The third study was conducted to explore the effects of dietary supplementation of organic acids (blend of formic acid, lactic acid, and sodium formate; Acitra G20C, Eastman), monoglycerides (blend of short- and medium-chain fatty acids; Entero-Nova 410C, Eastman), and combination of both acid-based additives on diarrhea, immune responses, and growth performance of ETEC F18-challenged weaned pigs. Supplementation of organic acids, monoglycerides, or their combination significantly reduced (P < 0.05) the frequency of diarrhea compared with control group. ETEC F18 infection increased (P < 0.05) counts of total white blood cells, neutrophils, and lymphocytes on d 5 and 14 PI, compared with d 0. Supplementation of the combination of organic acids and monoglycerides reduced (P < 0.05) the counts of total white blood cells, lymphocytes, and the ratio of neutrophils to lymphocytes, and tended (P < 0.10) to reduce neutrophil count on d 5 PI, compared with control. Pigs fed with monoglycerides had higher (P < 0.05) neutrophil counts than pigs in the control group on d 14 PI. Pigs fed with monoglycerides tended (P < 0.10) to have lower serum granulocyte-macrophage colony-stimulating factor, interleukin-1 alpha, and TNF-α concentrations on d 0, 5, or 14 PI compared with control.
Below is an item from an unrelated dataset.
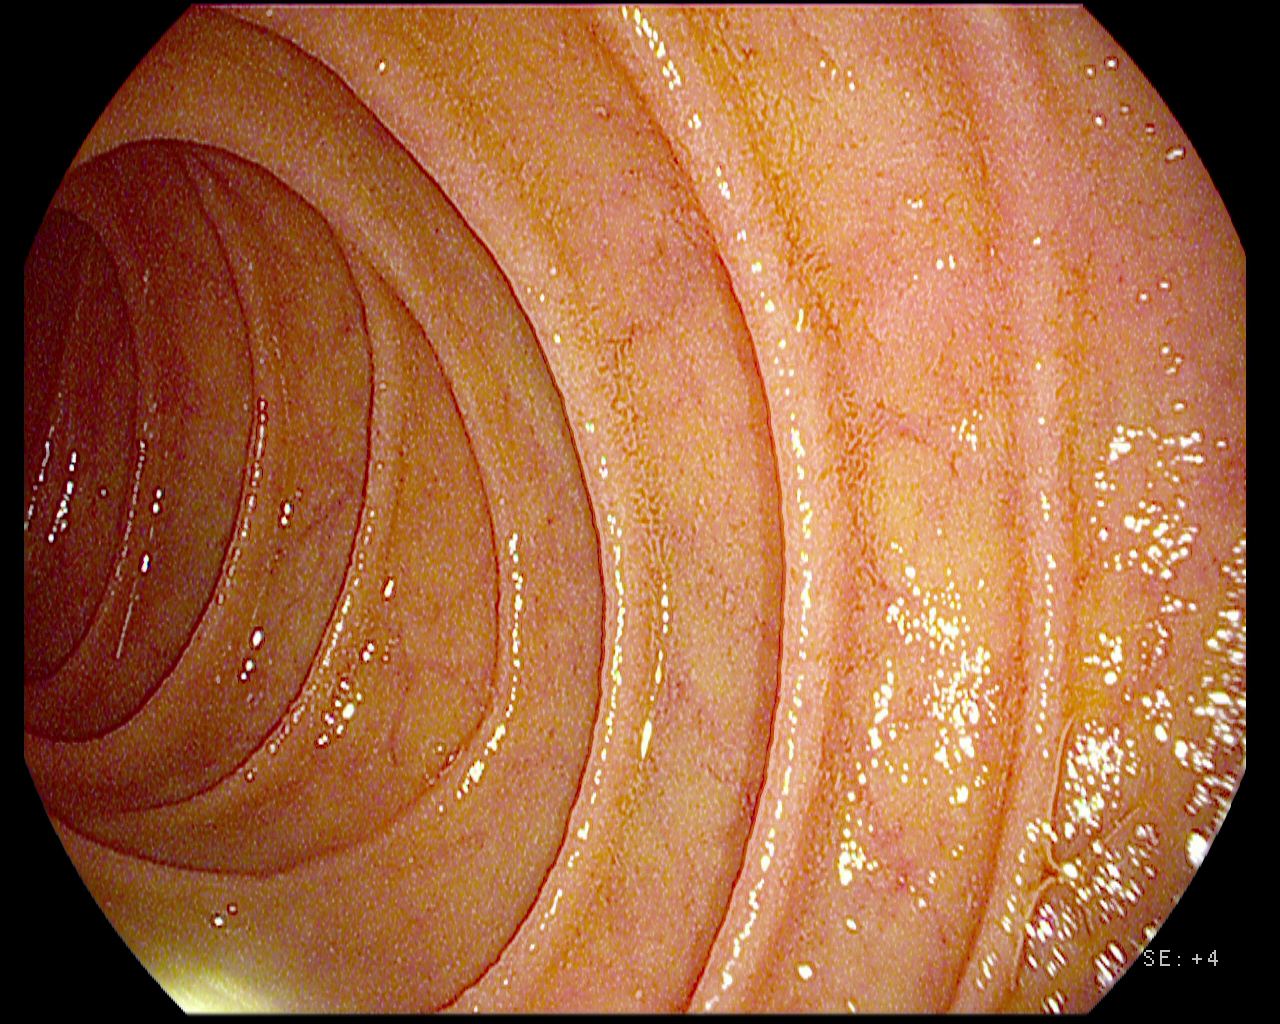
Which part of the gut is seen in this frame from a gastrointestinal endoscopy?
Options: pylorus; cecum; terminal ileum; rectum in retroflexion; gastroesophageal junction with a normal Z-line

However, supplementation of organic acids, monoglycerides, or the combination of both had limited impacts on growth performance throughout the experiment. The third study suggests that dietary supplementation of organic acid blend, monoglyceride blend, and or their combination may alleviate diarrhea, intestinal damage, or inflammation caused by ETEC infection in pigs. Moreover, the potential for synergistic effects related to immune-modulatory effect observed in the combination group requires further investigation. In summary, monoglycerides investigated in the present studies have positive effects on disease resistance and the overall health of weaned pigs under ETEC F18 infection, by improving gut integrity and modulating local and systemic inflammation.